Electronics: OP-amplifier circuits, non-ideal properties of OP-amplifiers, pn-junction, diodes, MOS-transistor, bipolar transistor, transistor amplifier circuits, switched DC/DC voltage converters.
Electromagnetics: Forces and the field concept. Electric and magnetic fields in simple geometries (Gauss' laws, Ampere's law), displacement current, power transfer (Poynting vector), induction (Faraday's law, Lenz' law), skin effect, equivalent circuit models for non-ideal passive components (resistor, capacitor, inductor), magnetic circuits (Hopkinson's law).
Organisation
The scheduled activites in the course consist of lectures, problem solving sessions and laboratory work. The laboratory work comprises experimental work, circuit simulations, (voluntary) hand-in problems, and a discussion of societal aspects of electrotechnical systems.
Literature
Selected parts of:B. Molin: Analog elektronik (3rd. ed., Studentlitteratur)
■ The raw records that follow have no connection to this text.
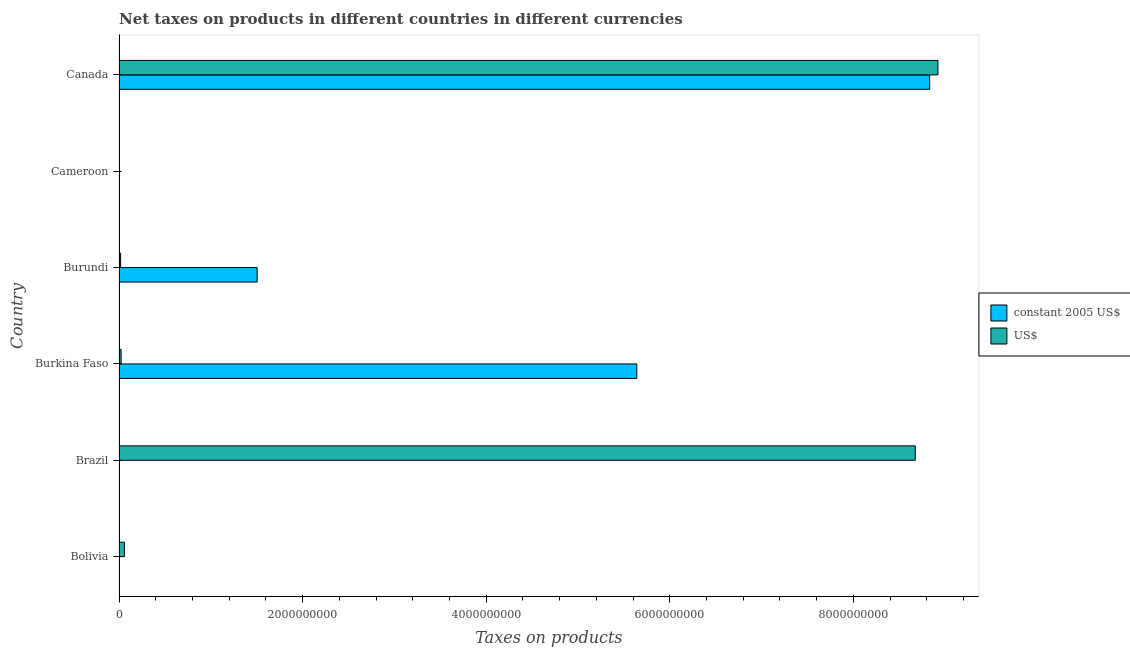How many groups of bars are there?
Your answer should be very brief. 6. What is the label of the 4th group of bars from the top?
Make the answer very short. Burkina Faso. What is the net taxes in constant 2005 us$ in Brazil?
Provide a short and direct response. 0.02. Across all countries, what is the maximum net taxes in constant 2005 us$?
Keep it short and to the point. 8.83e+09. Across all countries, what is the minimum net taxes in constant 2005 us$?
Provide a succinct answer. 0.02. What is the total net taxes in constant 2005 us$ in the graph?
Your answer should be very brief. 1.60e+1. What is the difference between the net taxes in constant 2005 us$ in Burundi and that in Canada?
Give a very brief answer. -7.33e+09. What is the difference between the net taxes in us$ in Canada and the net taxes in constant 2005 us$ in Bolivia?
Make the answer very short. 8.92e+09. What is the average net taxes in us$ per country?
Keep it short and to the point. 2.95e+09. What is the difference between the net taxes in constant 2005 us$ and net taxes in us$ in Burkina Faso?
Your answer should be very brief. 5.62e+09. In how many countries, is the net taxes in constant 2005 us$ greater than 3600000000 units?
Give a very brief answer. 2. What is the ratio of the net taxes in constant 2005 us$ in Brazil to that in Cameroon?
Your answer should be very brief. 0. Is the difference between the net taxes in constant 2005 us$ in Bolivia and Burundi greater than the difference between the net taxes in us$ in Bolivia and Burundi?
Provide a succinct answer. No. What is the difference between the highest and the second highest net taxes in us$?
Provide a short and direct response. 2.47e+08. What is the difference between the highest and the lowest net taxes in us$?
Your response must be concise. 8.92e+09. Is the sum of the net taxes in us$ in Bolivia and Burundi greater than the maximum net taxes in constant 2005 us$ across all countries?
Provide a short and direct response. No. What does the 1st bar from the top in Cameroon represents?
Your answer should be very brief. US$. What does the 1st bar from the bottom in Brazil represents?
Give a very brief answer. Constant 2005 us$. How many countries are there in the graph?
Keep it short and to the point. 6. Are the values on the major ticks of X-axis written in scientific E-notation?
Ensure brevity in your answer.  No. Does the graph contain any zero values?
Provide a short and direct response. No. Does the graph contain grids?
Make the answer very short. No. What is the title of the graph?
Offer a very short reply. Net taxes on products in different countries in different currencies. Does "Electricity" appear as one of the legend labels in the graph?
Provide a short and direct response. No. What is the label or title of the X-axis?
Provide a succinct answer. Taxes on products. What is the label or title of the Y-axis?
Make the answer very short. Country. What is the Taxes on products of constant 2005 US$ in Bolivia?
Provide a succinct answer. 776. What is the Taxes on products in US$ in Bolivia?
Your answer should be very brief. 5.84e+07. What is the Taxes on products in constant 2005 US$ in Brazil?
Provide a succinct answer. 0.02. What is the Taxes on products of US$ in Brazil?
Provide a short and direct response. 8.68e+09. What is the Taxes on products of constant 2005 US$ in Burkina Faso?
Offer a terse response. 5.64e+09. What is the Taxes on products in US$ in Burkina Faso?
Give a very brief answer. 2.24e+07. What is the Taxes on products of constant 2005 US$ in Burundi?
Provide a short and direct response. 1.50e+09. What is the Taxes on products of US$ in Burundi?
Your answer should be compact. 1.72e+07. What is the Taxes on products of constant 2005 US$ in Cameroon?
Keep it short and to the point. 8.54e+05. What is the Taxes on products of US$ in Cameroon?
Offer a terse response. 3235.55. What is the Taxes on products of constant 2005 US$ in Canada?
Your answer should be compact. 8.83e+09. What is the Taxes on products in US$ in Canada?
Provide a short and direct response. 8.92e+09. Across all countries, what is the maximum Taxes on products in constant 2005 US$?
Provide a short and direct response. 8.83e+09. Across all countries, what is the maximum Taxes on products in US$?
Offer a very short reply. 8.92e+09. Across all countries, what is the minimum Taxes on products of constant 2005 US$?
Ensure brevity in your answer.  0.02. Across all countries, what is the minimum Taxes on products of US$?
Offer a terse response. 3235.55. What is the total Taxes on products of constant 2005 US$ in the graph?
Your answer should be compact. 1.60e+1. What is the total Taxes on products of US$ in the graph?
Make the answer very short. 1.77e+1. What is the difference between the Taxes on products of constant 2005 US$ in Bolivia and that in Brazil?
Make the answer very short. 775.98. What is the difference between the Taxes on products in US$ in Bolivia and that in Brazil?
Your response must be concise. -8.62e+09. What is the difference between the Taxes on products of constant 2005 US$ in Bolivia and that in Burkina Faso?
Keep it short and to the point. -5.64e+09. What is the difference between the Taxes on products of US$ in Bolivia and that in Burkina Faso?
Make the answer very short. 3.60e+07. What is the difference between the Taxes on products of constant 2005 US$ in Bolivia and that in Burundi?
Provide a short and direct response. -1.50e+09. What is the difference between the Taxes on products of US$ in Bolivia and that in Burundi?
Keep it short and to the point. 4.12e+07. What is the difference between the Taxes on products of constant 2005 US$ in Bolivia and that in Cameroon?
Your response must be concise. -8.53e+05. What is the difference between the Taxes on products in US$ in Bolivia and that in Cameroon?
Make the answer very short. 5.84e+07. What is the difference between the Taxes on products in constant 2005 US$ in Bolivia and that in Canada?
Your answer should be compact. -8.83e+09. What is the difference between the Taxes on products of US$ in Bolivia and that in Canada?
Make the answer very short. -8.86e+09. What is the difference between the Taxes on products of constant 2005 US$ in Brazil and that in Burkina Faso?
Your response must be concise. -5.64e+09. What is the difference between the Taxes on products of US$ in Brazil and that in Burkina Faso?
Ensure brevity in your answer.  8.65e+09. What is the difference between the Taxes on products of constant 2005 US$ in Brazil and that in Burundi?
Offer a terse response. -1.50e+09. What is the difference between the Taxes on products of US$ in Brazil and that in Burundi?
Give a very brief answer. 8.66e+09. What is the difference between the Taxes on products in constant 2005 US$ in Brazil and that in Cameroon?
Your answer should be compact. -8.54e+05. What is the difference between the Taxes on products of US$ in Brazil and that in Cameroon?
Make the answer very short. 8.68e+09. What is the difference between the Taxes on products of constant 2005 US$ in Brazil and that in Canada?
Ensure brevity in your answer.  -8.83e+09. What is the difference between the Taxes on products of US$ in Brazil and that in Canada?
Offer a very short reply. -2.47e+08. What is the difference between the Taxes on products in constant 2005 US$ in Burkina Faso and that in Burundi?
Offer a very short reply. 4.14e+09. What is the difference between the Taxes on products of US$ in Burkina Faso and that in Burundi?
Offer a terse response. 5.19e+06. What is the difference between the Taxes on products of constant 2005 US$ in Burkina Faso and that in Cameroon?
Your response must be concise. 5.64e+09. What is the difference between the Taxes on products in US$ in Burkina Faso and that in Cameroon?
Your answer should be compact. 2.24e+07. What is the difference between the Taxes on products of constant 2005 US$ in Burkina Faso and that in Canada?
Offer a terse response. -3.19e+09. What is the difference between the Taxes on products of US$ in Burkina Faso and that in Canada?
Provide a succinct answer. -8.90e+09. What is the difference between the Taxes on products of constant 2005 US$ in Burundi and that in Cameroon?
Offer a very short reply. 1.50e+09. What is the difference between the Taxes on products in US$ in Burundi and that in Cameroon?
Provide a short and direct response. 1.72e+07. What is the difference between the Taxes on products in constant 2005 US$ in Burundi and that in Canada?
Your response must be concise. -7.33e+09. What is the difference between the Taxes on products of US$ in Burundi and that in Canada?
Provide a short and direct response. -8.90e+09. What is the difference between the Taxes on products in constant 2005 US$ in Cameroon and that in Canada?
Your answer should be compact. -8.83e+09. What is the difference between the Taxes on products in US$ in Cameroon and that in Canada?
Ensure brevity in your answer.  -8.92e+09. What is the difference between the Taxes on products in constant 2005 US$ in Bolivia and the Taxes on products in US$ in Brazil?
Ensure brevity in your answer.  -8.68e+09. What is the difference between the Taxes on products of constant 2005 US$ in Bolivia and the Taxes on products of US$ in Burkina Faso?
Offer a terse response. -2.24e+07. What is the difference between the Taxes on products in constant 2005 US$ in Bolivia and the Taxes on products in US$ in Burundi?
Give a very brief answer. -1.72e+07. What is the difference between the Taxes on products in constant 2005 US$ in Bolivia and the Taxes on products in US$ in Cameroon?
Provide a short and direct response. -2459.55. What is the difference between the Taxes on products of constant 2005 US$ in Bolivia and the Taxes on products of US$ in Canada?
Offer a very short reply. -8.92e+09. What is the difference between the Taxes on products of constant 2005 US$ in Brazil and the Taxes on products of US$ in Burkina Faso?
Your answer should be compact. -2.24e+07. What is the difference between the Taxes on products in constant 2005 US$ in Brazil and the Taxes on products in US$ in Burundi?
Your answer should be compact. -1.72e+07. What is the difference between the Taxes on products in constant 2005 US$ in Brazil and the Taxes on products in US$ in Cameroon?
Your answer should be compact. -3235.53. What is the difference between the Taxes on products of constant 2005 US$ in Brazil and the Taxes on products of US$ in Canada?
Make the answer very short. -8.92e+09. What is the difference between the Taxes on products of constant 2005 US$ in Burkina Faso and the Taxes on products of US$ in Burundi?
Offer a very short reply. 5.62e+09. What is the difference between the Taxes on products of constant 2005 US$ in Burkina Faso and the Taxes on products of US$ in Cameroon?
Your response must be concise. 5.64e+09. What is the difference between the Taxes on products in constant 2005 US$ in Burkina Faso and the Taxes on products in US$ in Canada?
Make the answer very short. -3.28e+09. What is the difference between the Taxes on products in constant 2005 US$ in Burundi and the Taxes on products in US$ in Cameroon?
Offer a terse response. 1.50e+09. What is the difference between the Taxes on products of constant 2005 US$ in Burundi and the Taxes on products of US$ in Canada?
Your answer should be very brief. -7.42e+09. What is the difference between the Taxes on products in constant 2005 US$ in Cameroon and the Taxes on products in US$ in Canada?
Provide a succinct answer. -8.92e+09. What is the average Taxes on products in constant 2005 US$ per country?
Keep it short and to the point. 2.66e+09. What is the average Taxes on products in US$ per country?
Offer a very short reply. 2.95e+09. What is the difference between the Taxes on products in constant 2005 US$ and Taxes on products in US$ in Bolivia?
Keep it short and to the point. -5.84e+07. What is the difference between the Taxes on products in constant 2005 US$ and Taxes on products in US$ in Brazil?
Ensure brevity in your answer.  -8.68e+09. What is the difference between the Taxes on products in constant 2005 US$ and Taxes on products in US$ in Burkina Faso?
Provide a short and direct response. 5.62e+09. What is the difference between the Taxes on products in constant 2005 US$ and Taxes on products in US$ in Burundi?
Keep it short and to the point. 1.49e+09. What is the difference between the Taxes on products of constant 2005 US$ and Taxes on products of US$ in Cameroon?
Provide a short and direct response. 8.51e+05. What is the difference between the Taxes on products of constant 2005 US$ and Taxes on products of US$ in Canada?
Keep it short and to the point. -9.01e+07. What is the ratio of the Taxes on products of constant 2005 US$ in Bolivia to that in Brazil?
Your answer should be very brief. 4.15e+04. What is the ratio of the Taxes on products of US$ in Bolivia to that in Brazil?
Offer a very short reply. 0.01. What is the ratio of the Taxes on products of constant 2005 US$ in Bolivia to that in Burkina Faso?
Your answer should be very brief. 0. What is the ratio of the Taxes on products of US$ in Bolivia to that in Burkina Faso?
Ensure brevity in your answer.  2.61. What is the ratio of the Taxes on products of constant 2005 US$ in Bolivia to that in Burundi?
Ensure brevity in your answer.  0. What is the ratio of the Taxes on products in US$ in Bolivia to that in Burundi?
Keep it short and to the point. 3.39. What is the ratio of the Taxes on products in constant 2005 US$ in Bolivia to that in Cameroon?
Keep it short and to the point. 0. What is the ratio of the Taxes on products in US$ in Bolivia to that in Cameroon?
Provide a short and direct response. 1.80e+04. What is the ratio of the Taxes on products in constant 2005 US$ in Bolivia to that in Canada?
Keep it short and to the point. 0. What is the ratio of the Taxes on products in US$ in Bolivia to that in Canada?
Your answer should be very brief. 0.01. What is the ratio of the Taxes on products of US$ in Brazil to that in Burkina Faso?
Give a very brief answer. 387.59. What is the ratio of the Taxes on products of constant 2005 US$ in Brazil to that in Burundi?
Provide a succinct answer. 0. What is the ratio of the Taxes on products in US$ in Brazil to that in Burundi?
Your answer should be very brief. 504.47. What is the ratio of the Taxes on products in constant 2005 US$ in Brazil to that in Cameroon?
Ensure brevity in your answer.  0. What is the ratio of the Taxes on products in US$ in Brazil to that in Cameroon?
Give a very brief answer. 2.68e+06. What is the ratio of the Taxes on products in constant 2005 US$ in Brazil to that in Canada?
Your response must be concise. 0. What is the ratio of the Taxes on products in US$ in Brazil to that in Canada?
Keep it short and to the point. 0.97. What is the ratio of the Taxes on products in constant 2005 US$ in Burkina Faso to that in Burundi?
Offer a terse response. 3.75. What is the ratio of the Taxes on products in US$ in Burkina Faso to that in Burundi?
Give a very brief answer. 1.3. What is the ratio of the Taxes on products in constant 2005 US$ in Burkina Faso to that in Cameroon?
Your answer should be compact. 6606.77. What is the ratio of the Taxes on products of US$ in Burkina Faso to that in Cameroon?
Your answer should be very brief. 6917.5. What is the ratio of the Taxes on products in constant 2005 US$ in Burkina Faso to that in Canada?
Give a very brief answer. 0.64. What is the ratio of the Taxes on products of US$ in Burkina Faso to that in Canada?
Your answer should be very brief. 0. What is the ratio of the Taxes on products of constant 2005 US$ in Burundi to that in Cameroon?
Your response must be concise. 1762.36. What is the ratio of the Taxes on products of US$ in Burundi to that in Cameroon?
Make the answer very short. 5314.88. What is the ratio of the Taxes on products in constant 2005 US$ in Burundi to that in Canada?
Provide a succinct answer. 0.17. What is the ratio of the Taxes on products of US$ in Burundi to that in Canada?
Give a very brief answer. 0. What is the ratio of the Taxes on products of constant 2005 US$ in Cameroon to that in Canada?
Keep it short and to the point. 0. What is the ratio of the Taxes on products in US$ in Cameroon to that in Canada?
Make the answer very short. 0. What is the difference between the highest and the second highest Taxes on products of constant 2005 US$?
Offer a terse response. 3.19e+09. What is the difference between the highest and the second highest Taxes on products of US$?
Give a very brief answer. 2.47e+08. What is the difference between the highest and the lowest Taxes on products in constant 2005 US$?
Your answer should be very brief. 8.83e+09. What is the difference between the highest and the lowest Taxes on products in US$?
Your answer should be very brief. 8.92e+09. 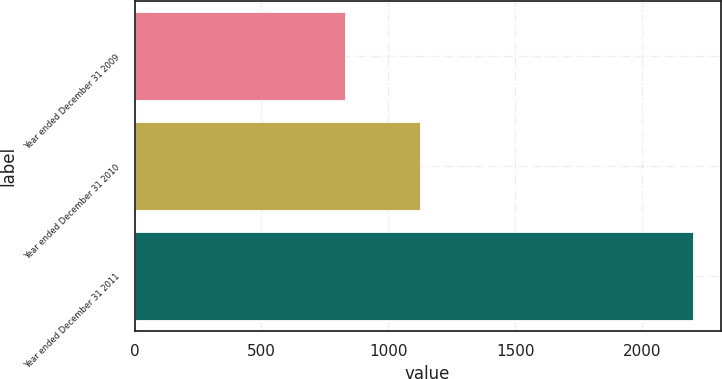Convert chart to OTSL. <chart><loc_0><loc_0><loc_500><loc_500><bar_chart><fcel>Year ended December 31 2009<fcel>Year ended December 31 2010<fcel>Year ended December 31 2011<nl><fcel>831<fcel>1125<fcel>2199<nl></chart> 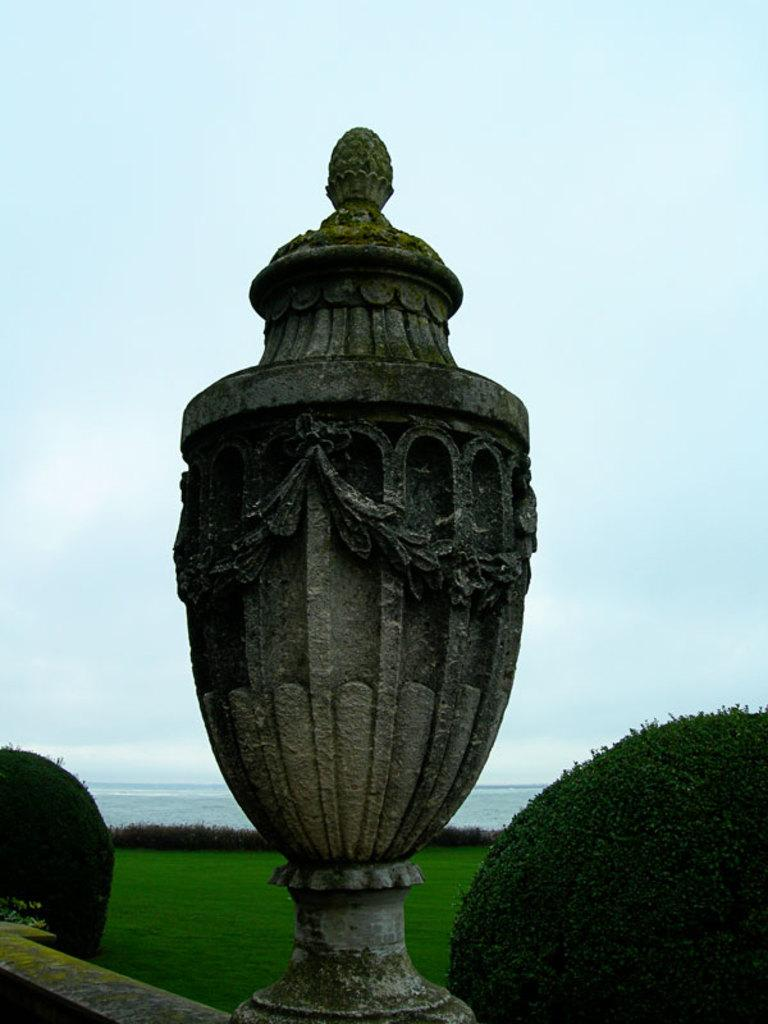What is located in the foreground of the image? There is a fence, a pillar with carvings, and plants in the foreground of the image. What type of vegetation can be seen in the foreground? There are plants visible in the foreground of the image. What can be seen in the background of the image? There is grass, water, and the sky visible in the background of the image. What might be the location of the image based on the background? The image might have been taken near the ocean, given the presence of water and the sky in the background. What type of fuel is being used by the mice in the image? There are no mice present in the image, and therefore no fuel usage can be observed. What is the salt content of the water visible in the background of the image? The salt content of the water cannot be determined from the image, as it does not provide information about the water's composition. 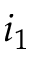<formula> <loc_0><loc_0><loc_500><loc_500>i _ { 1 }</formula> 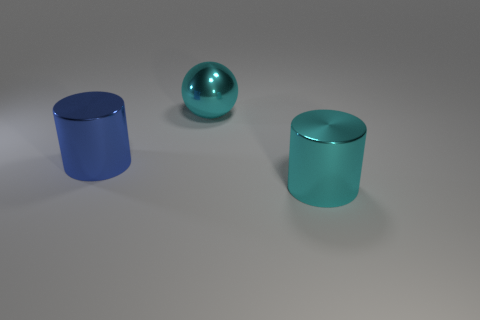Is the number of large shiny spheres in front of the blue metal object less than the number of large yellow matte cylinders?
Your response must be concise. No. Is there anything else that is the same size as the blue metal cylinder?
Keep it short and to the point. Yes. What is the size of the metal cylinder that is left of the metal thing in front of the blue shiny cylinder?
Offer a terse response. Large. Is there anything else that has the same shape as the big blue thing?
Give a very brief answer. Yes. Is the number of metallic cylinders less than the number of blue objects?
Your answer should be very brief. No. What is the object that is right of the large blue shiny cylinder and in front of the big cyan metal ball made of?
Provide a short and direct response. Metal. Is there a shiny ball in front of the cylinder that is to the right of the large shiny sphere?
Your answer should be very brief. No. How many objects are either large metal cylinders or large cyan spheres?
Ensure brevity in your answer.  3. The metal thing that is both in front of the sphere and behind the big cyan metallic cylinder has what shape?
Your response must be concise. Cylinder. Does the big cyan object that is on the left side of the big cyan cylinder have the same material as the large blue thing?
Provide a succinct answer. Yes.

B. Karlström: Kretsanalys (2nd ed., Studentlitteratur)
S.N. Makarov, R. Ludwig & S.J. Bitar: Practical electrical engineering (Springer). The book is available as an e-book via Chalmers library
H. A. Radi & J. O. Rasmussen, Principles of Physics (Springer) The book is available as an e-book via Chalmers library
Examination including compulsory elements
The learning goals are examined through a written exam (grading scale: fail, 3, 4, 5), and compulsory active participation in and presentation of results from laboratory work (written reports and oral discussions, grading scale: fail, pass). To pass the course both a passed exam and passed laboratory work are required. The final grade is based on the results of the written exam.
The course examiner may assess individual students in other ways than what is stated above if there are special reasons for doing so, for example if a student has a decision from Chalmers on educational support due to disability.